(EXERCISE DATA Opens)

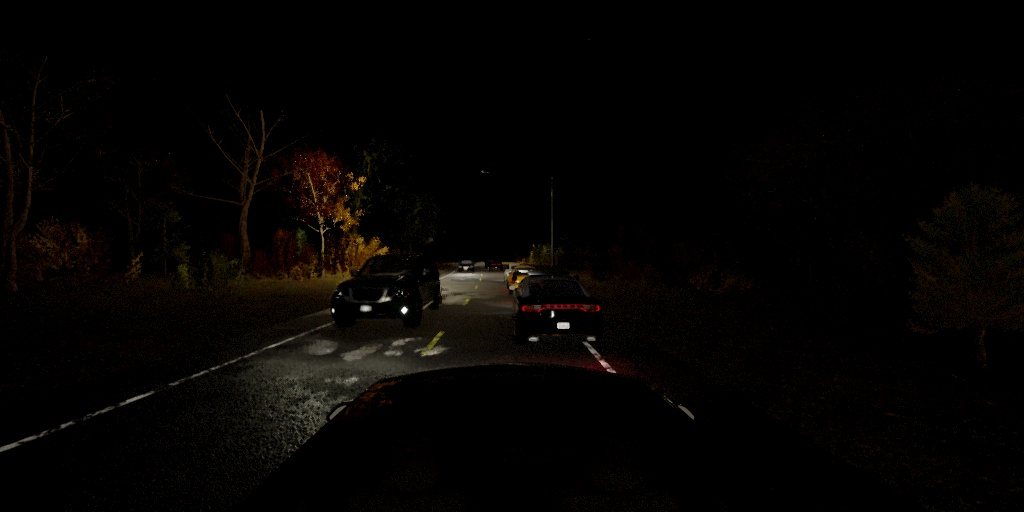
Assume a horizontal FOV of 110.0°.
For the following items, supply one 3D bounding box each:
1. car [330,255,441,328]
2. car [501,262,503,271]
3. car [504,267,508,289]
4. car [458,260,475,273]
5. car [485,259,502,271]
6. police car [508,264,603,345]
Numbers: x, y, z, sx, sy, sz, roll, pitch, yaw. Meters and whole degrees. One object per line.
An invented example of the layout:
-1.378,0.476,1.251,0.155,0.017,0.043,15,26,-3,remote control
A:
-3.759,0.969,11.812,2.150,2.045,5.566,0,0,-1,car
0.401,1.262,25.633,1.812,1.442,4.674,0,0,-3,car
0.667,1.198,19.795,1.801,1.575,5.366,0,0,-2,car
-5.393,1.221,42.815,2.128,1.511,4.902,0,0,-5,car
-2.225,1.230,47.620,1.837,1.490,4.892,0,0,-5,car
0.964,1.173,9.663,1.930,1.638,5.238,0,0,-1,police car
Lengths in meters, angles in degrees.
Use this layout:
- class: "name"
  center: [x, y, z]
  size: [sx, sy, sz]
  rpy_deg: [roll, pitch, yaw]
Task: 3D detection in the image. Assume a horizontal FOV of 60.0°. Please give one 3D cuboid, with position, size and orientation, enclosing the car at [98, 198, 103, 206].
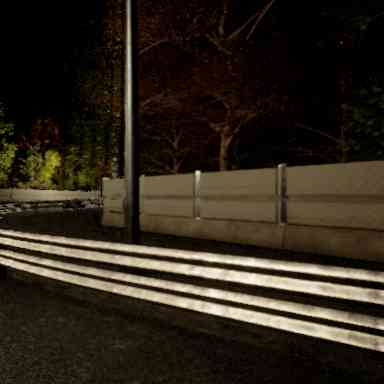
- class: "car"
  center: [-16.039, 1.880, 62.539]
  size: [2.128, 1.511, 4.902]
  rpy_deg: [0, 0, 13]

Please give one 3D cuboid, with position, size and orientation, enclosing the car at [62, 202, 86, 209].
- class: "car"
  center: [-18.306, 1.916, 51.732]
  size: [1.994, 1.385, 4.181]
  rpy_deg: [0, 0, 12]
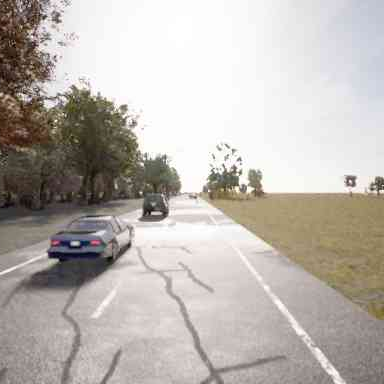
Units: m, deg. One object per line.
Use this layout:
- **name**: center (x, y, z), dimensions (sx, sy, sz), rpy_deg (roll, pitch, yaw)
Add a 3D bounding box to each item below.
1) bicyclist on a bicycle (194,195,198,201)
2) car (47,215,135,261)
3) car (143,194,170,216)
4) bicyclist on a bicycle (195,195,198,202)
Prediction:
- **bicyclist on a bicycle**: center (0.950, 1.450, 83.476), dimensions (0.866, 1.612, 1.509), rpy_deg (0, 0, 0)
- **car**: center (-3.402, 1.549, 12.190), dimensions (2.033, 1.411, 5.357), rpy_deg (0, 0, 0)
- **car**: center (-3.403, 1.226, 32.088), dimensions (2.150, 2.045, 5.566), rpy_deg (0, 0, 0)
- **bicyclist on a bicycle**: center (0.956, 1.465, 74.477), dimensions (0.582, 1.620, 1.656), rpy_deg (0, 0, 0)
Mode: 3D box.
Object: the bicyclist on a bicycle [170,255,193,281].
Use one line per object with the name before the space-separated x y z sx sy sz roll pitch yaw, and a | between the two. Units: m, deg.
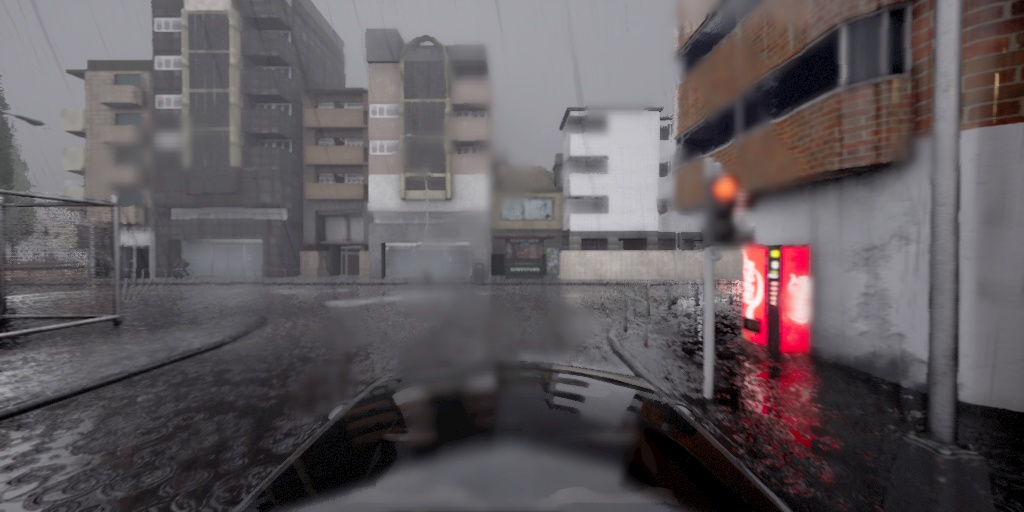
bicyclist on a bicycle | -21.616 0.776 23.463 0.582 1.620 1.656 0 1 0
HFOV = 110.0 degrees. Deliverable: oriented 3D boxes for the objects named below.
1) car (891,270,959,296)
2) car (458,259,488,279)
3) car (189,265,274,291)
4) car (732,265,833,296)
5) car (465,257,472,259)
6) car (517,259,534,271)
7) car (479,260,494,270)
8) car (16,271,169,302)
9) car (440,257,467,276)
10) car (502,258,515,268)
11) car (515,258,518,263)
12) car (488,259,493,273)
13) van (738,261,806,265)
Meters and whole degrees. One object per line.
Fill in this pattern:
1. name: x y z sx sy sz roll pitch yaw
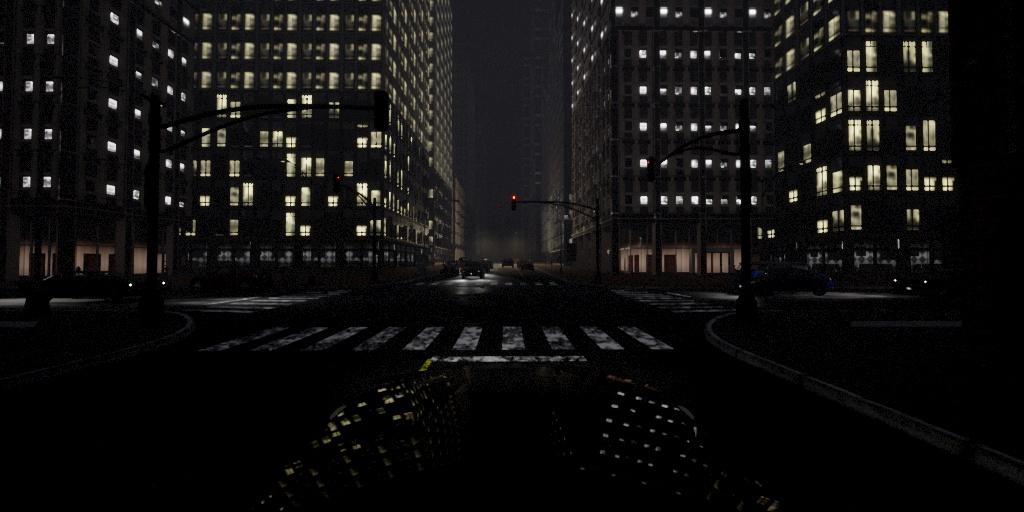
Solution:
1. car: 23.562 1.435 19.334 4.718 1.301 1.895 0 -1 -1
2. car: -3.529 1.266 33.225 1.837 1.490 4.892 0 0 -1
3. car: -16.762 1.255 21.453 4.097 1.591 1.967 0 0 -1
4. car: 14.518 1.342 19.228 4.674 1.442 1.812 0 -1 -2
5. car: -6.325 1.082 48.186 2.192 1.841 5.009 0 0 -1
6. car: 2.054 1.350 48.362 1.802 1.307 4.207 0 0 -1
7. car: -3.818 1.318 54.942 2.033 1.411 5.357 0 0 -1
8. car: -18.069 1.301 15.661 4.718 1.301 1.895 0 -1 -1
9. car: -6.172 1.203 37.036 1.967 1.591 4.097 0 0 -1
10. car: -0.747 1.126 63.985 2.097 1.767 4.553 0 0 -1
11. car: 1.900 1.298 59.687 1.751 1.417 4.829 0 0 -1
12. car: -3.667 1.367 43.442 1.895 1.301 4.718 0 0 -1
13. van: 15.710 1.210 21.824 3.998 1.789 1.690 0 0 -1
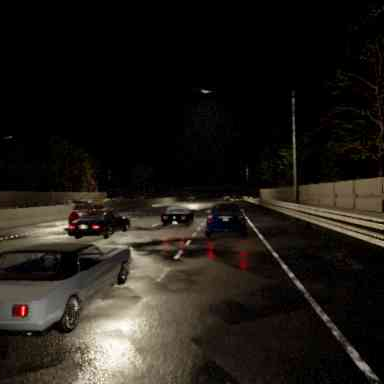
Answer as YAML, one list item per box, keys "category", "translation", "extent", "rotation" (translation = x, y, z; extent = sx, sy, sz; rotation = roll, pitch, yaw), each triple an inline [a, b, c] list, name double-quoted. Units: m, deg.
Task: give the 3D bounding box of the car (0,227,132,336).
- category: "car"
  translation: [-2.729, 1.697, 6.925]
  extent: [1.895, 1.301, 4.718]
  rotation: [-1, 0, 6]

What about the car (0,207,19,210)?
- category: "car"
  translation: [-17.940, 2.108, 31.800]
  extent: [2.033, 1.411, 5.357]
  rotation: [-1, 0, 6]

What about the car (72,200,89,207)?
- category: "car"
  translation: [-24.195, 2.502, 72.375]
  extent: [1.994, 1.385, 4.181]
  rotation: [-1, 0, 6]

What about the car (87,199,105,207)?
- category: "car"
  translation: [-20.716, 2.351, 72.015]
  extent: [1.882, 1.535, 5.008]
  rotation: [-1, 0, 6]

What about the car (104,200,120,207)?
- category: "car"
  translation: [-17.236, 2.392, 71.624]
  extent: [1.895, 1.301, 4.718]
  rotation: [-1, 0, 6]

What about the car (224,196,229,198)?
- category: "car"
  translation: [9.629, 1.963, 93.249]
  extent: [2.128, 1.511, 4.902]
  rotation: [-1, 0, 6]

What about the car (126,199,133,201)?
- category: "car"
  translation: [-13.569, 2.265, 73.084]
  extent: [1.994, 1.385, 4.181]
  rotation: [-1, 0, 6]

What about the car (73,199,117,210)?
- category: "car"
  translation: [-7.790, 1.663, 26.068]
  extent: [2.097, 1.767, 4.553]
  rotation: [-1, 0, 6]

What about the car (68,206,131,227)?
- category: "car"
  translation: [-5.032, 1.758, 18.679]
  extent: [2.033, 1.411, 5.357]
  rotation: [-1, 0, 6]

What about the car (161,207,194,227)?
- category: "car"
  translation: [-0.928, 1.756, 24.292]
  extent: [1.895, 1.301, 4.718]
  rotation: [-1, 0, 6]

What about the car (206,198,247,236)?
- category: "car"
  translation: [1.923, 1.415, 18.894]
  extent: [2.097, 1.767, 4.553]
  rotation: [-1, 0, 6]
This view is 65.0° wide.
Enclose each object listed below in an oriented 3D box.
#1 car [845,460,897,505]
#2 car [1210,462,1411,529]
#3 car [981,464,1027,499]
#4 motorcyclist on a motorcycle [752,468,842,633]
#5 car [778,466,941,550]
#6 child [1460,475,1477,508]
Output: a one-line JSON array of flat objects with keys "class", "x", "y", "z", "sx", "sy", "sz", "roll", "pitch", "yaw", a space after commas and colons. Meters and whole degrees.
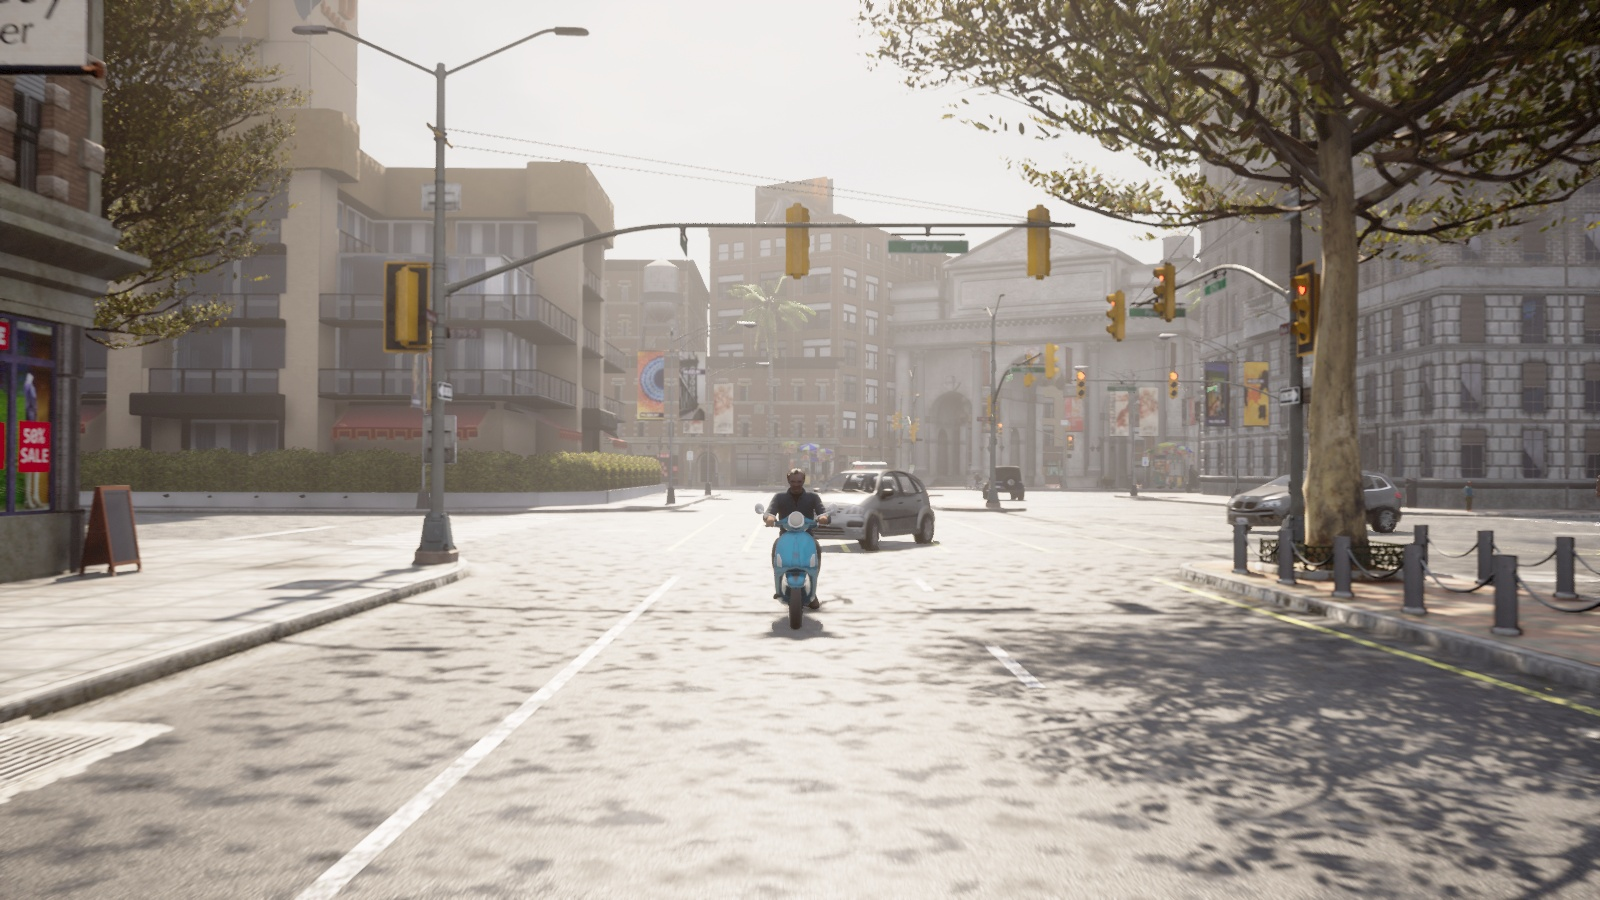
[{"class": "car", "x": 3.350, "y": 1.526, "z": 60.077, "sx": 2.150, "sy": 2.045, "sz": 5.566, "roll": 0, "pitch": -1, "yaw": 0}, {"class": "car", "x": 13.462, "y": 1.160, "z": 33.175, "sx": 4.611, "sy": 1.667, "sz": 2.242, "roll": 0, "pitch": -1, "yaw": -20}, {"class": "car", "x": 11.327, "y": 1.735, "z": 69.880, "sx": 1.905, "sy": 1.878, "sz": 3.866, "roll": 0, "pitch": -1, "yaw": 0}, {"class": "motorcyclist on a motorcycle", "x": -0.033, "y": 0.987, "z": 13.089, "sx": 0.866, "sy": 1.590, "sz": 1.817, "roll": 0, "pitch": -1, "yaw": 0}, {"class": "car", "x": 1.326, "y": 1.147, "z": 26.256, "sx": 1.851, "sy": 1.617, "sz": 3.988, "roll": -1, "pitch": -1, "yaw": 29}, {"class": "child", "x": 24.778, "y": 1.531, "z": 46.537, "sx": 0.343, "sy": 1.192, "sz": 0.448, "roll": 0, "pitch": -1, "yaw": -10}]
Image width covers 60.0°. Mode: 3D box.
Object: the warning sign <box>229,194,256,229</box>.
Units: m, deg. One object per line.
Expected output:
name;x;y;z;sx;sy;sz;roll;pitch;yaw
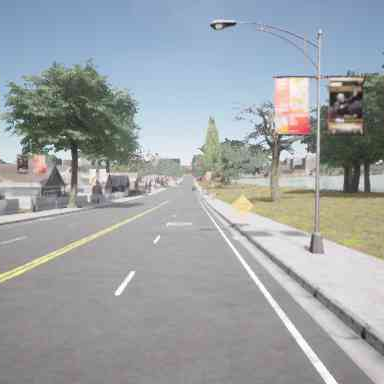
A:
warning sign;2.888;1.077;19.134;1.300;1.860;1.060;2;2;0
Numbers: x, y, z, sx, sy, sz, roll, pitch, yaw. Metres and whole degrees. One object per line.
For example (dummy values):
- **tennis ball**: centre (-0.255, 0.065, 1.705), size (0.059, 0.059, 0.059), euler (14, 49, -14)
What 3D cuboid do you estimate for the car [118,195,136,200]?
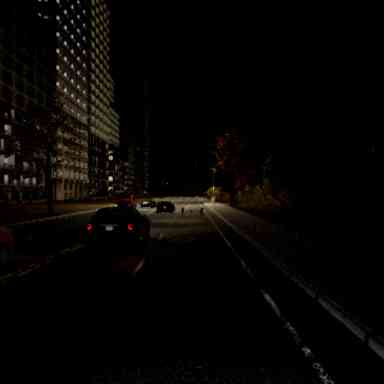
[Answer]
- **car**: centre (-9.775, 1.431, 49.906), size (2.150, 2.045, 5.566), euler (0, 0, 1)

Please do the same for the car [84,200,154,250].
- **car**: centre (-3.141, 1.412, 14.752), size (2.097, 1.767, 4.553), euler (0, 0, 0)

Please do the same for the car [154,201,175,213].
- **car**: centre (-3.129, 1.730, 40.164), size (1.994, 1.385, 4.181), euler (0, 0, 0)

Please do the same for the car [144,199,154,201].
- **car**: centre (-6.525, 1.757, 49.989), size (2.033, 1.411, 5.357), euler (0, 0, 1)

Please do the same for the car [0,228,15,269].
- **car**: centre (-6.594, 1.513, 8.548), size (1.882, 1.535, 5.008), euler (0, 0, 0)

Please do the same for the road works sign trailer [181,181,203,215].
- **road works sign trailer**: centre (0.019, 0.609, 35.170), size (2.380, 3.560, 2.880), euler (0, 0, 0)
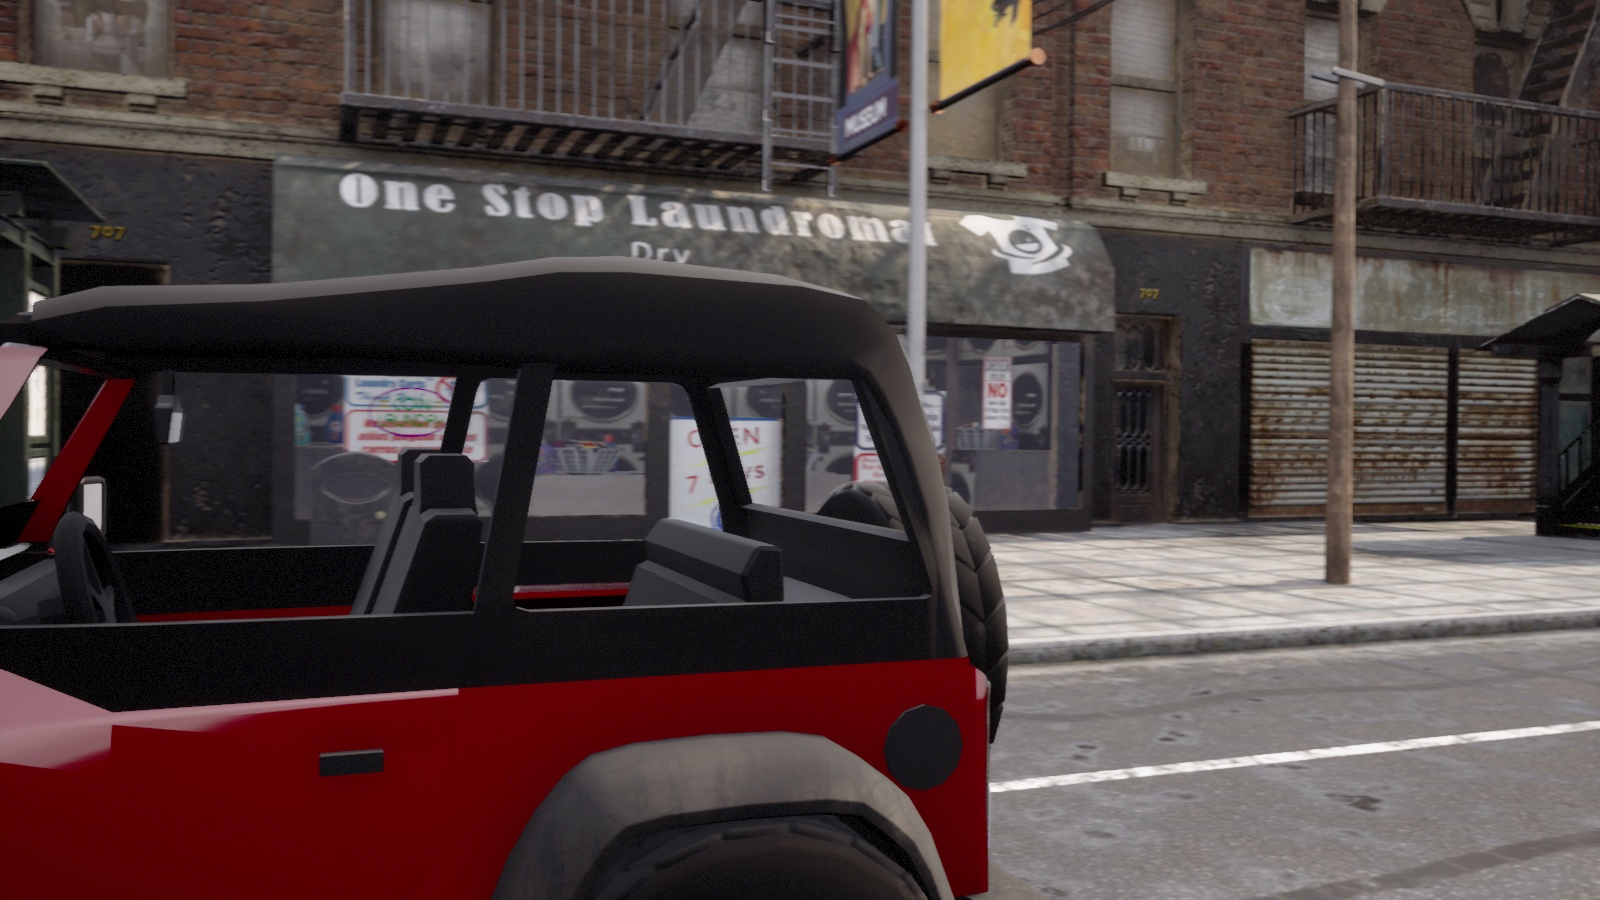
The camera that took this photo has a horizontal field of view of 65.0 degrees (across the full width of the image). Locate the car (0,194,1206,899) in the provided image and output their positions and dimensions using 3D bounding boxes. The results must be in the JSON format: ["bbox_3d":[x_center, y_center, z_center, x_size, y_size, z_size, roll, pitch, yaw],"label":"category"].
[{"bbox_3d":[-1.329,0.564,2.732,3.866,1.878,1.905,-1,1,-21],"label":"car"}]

(EXERCISE DATA Closes)

● YOUR OBJECTIVE
Drop the pictures; return the lines above from the line containing "size: [sx, sy, sz]" to the line containing "4) bicyclist on a bicycle (195,195,198,202)", both included, exactly.

● TASK SOLUTION
  size: [sx, sy, sz]
  rpy_deg: [roll, pitch, yaw]
Task: 3D detection in the image. Assume a horizontal FOV of 60.0°. Please give one 3D cuboid, with position, size and orientation, enclosing the car at [98, 198, 103, 206].
- class: "car"
  center: [-16.039, 1.880, 62.539]
  size: [2.128, 1.511, 4.902]
  rpy_deg: [0, 0, 13]

Please give one 3D cuboid, with position, size and orientation, enclosing the car at [62, 202, 86, 209].
- class: "car"
  center: [-18.306, 1.916, 51.732]
  size: [1.994, 1.385, 4.181]
  rpy_deg: [0, 0, 12]
Units: m, deg. One object per line.
Use this layout:
- **name**: center (x, y, z), dimensions (sx, sy, sz), rpy_deg (roll, pitch, yaw)
Add a 3D bounding box to each item below.
1) bicyclist on a bicycle (194,195,198,201)
2) car (47,215,135,261)
3) car (143,194,170,216)
4) bicyclist on a bicycle (195,195,198,202)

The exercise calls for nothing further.